------ DATA EXTRACTS ------

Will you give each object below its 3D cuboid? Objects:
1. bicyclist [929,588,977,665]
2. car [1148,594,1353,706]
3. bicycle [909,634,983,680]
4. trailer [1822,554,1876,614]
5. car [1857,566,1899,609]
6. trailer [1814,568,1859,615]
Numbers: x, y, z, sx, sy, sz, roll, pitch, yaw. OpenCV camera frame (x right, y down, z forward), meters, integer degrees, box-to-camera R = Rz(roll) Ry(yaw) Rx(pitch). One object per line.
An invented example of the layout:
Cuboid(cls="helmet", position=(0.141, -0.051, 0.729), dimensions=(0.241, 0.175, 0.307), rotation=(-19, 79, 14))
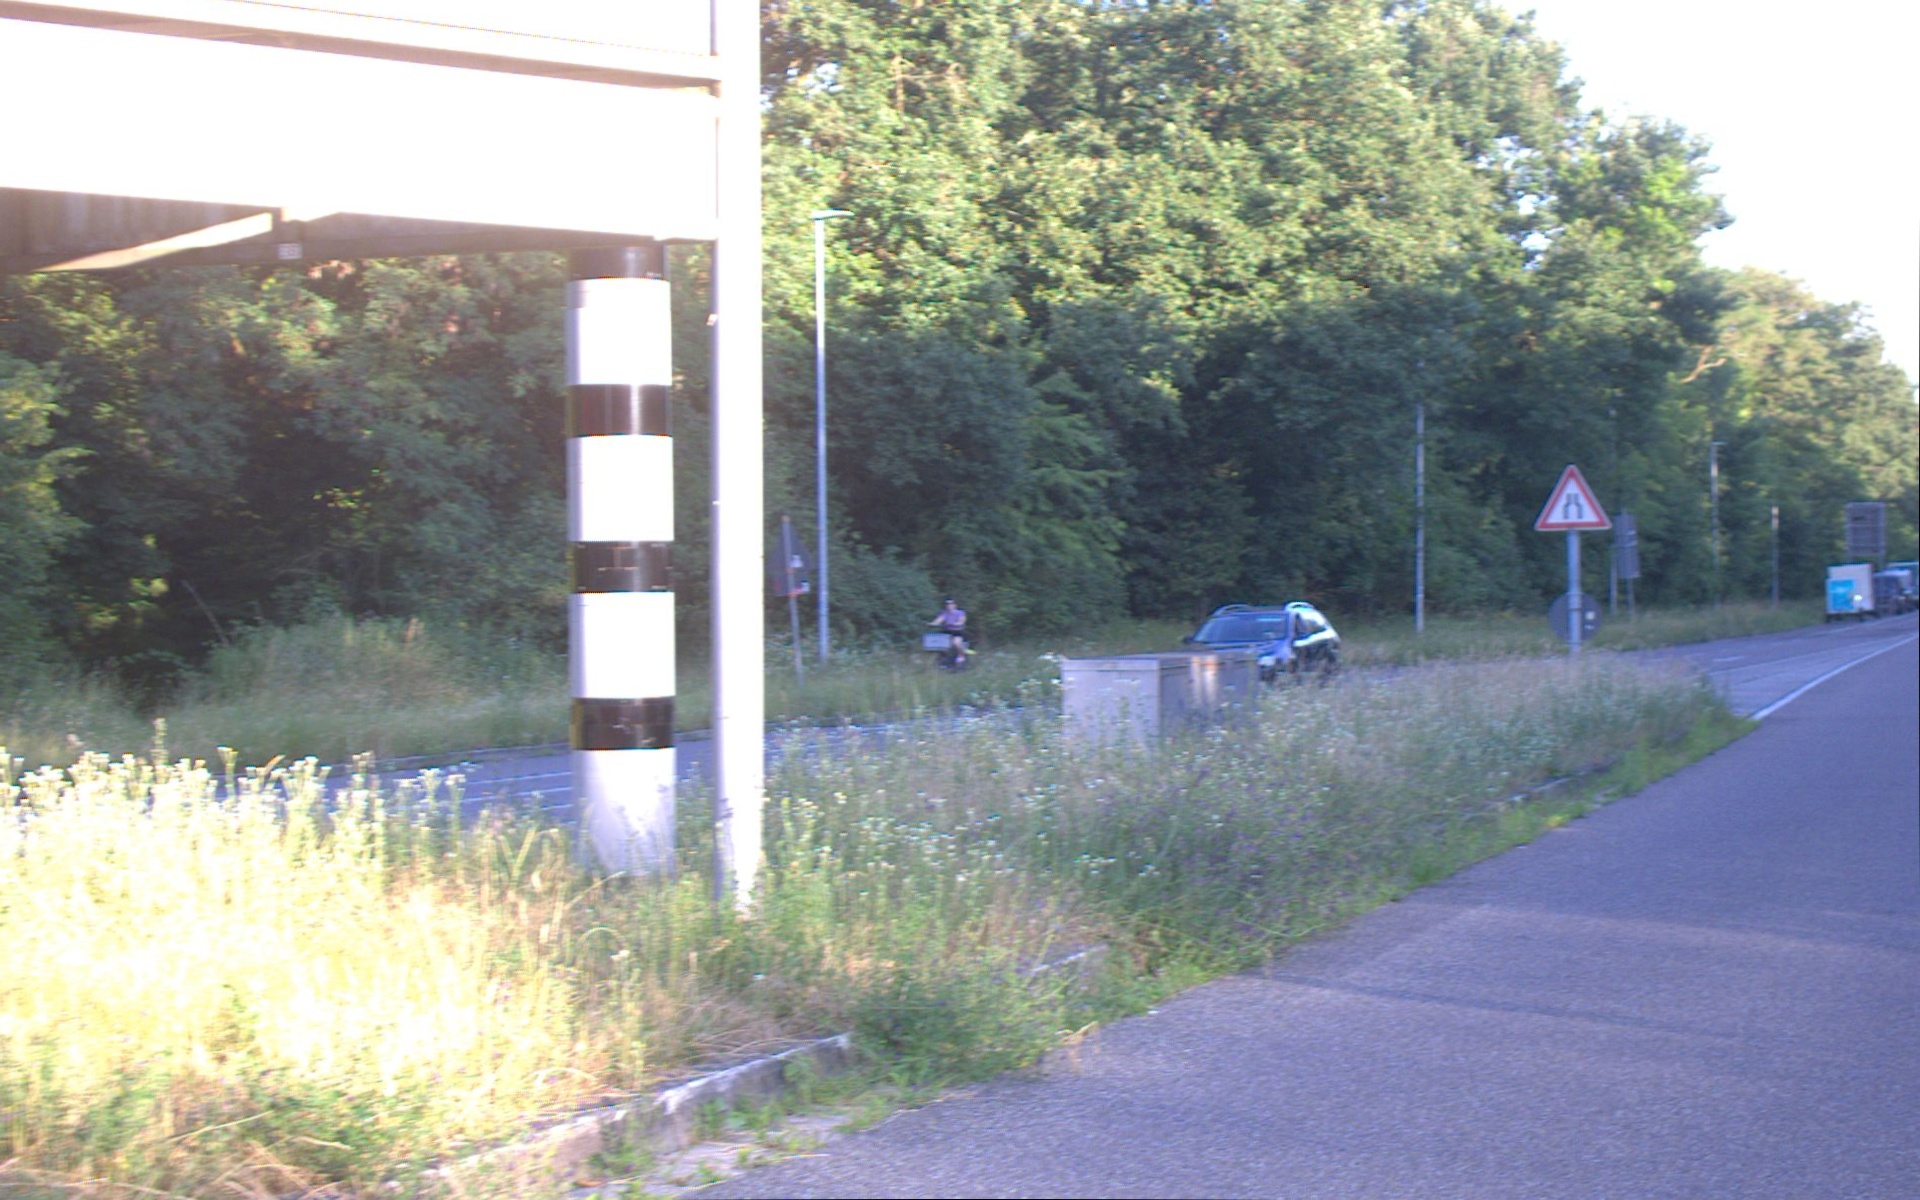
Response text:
Cuboid(cls="bicyclist", position=(-0.128, 0.493, 64.136), dimensions=(0.586, 1.425, 0.821), rotation=(-1, 0, 25))
Cuboid(cls="car", position=(4.411, 0.727, 51.633), dimensions=(1.821, 1.528, 4.450), rotation=(-2, -1, 21))
Cuboid(cls="bicycle", position=(-0.253, 1.049, 63.999), dimensions=(0.586, 0.802, 1.956), rotation=(-1, 0, 25))
Cuboid(cls="trailer", position=(45.651, -0.827, 176.433), dimensions=(2.327, 2.914, 5.622), rotation=(-3, 0, 17))
Cuboid(cls="car", position=(53.576, -0.744, 200.519), dimensions=(1.995, 2.356, 5.760), rotation=(-3, -1, 17))
Cuboid(cls="trailer", position=(41.174, -0.394, 161.489), dimensions=(1.818, 2.160, 4.139), rotation=(-1, 0, 17))

------

How many lines in the listing above contain "object"? Answer with the number alone.

2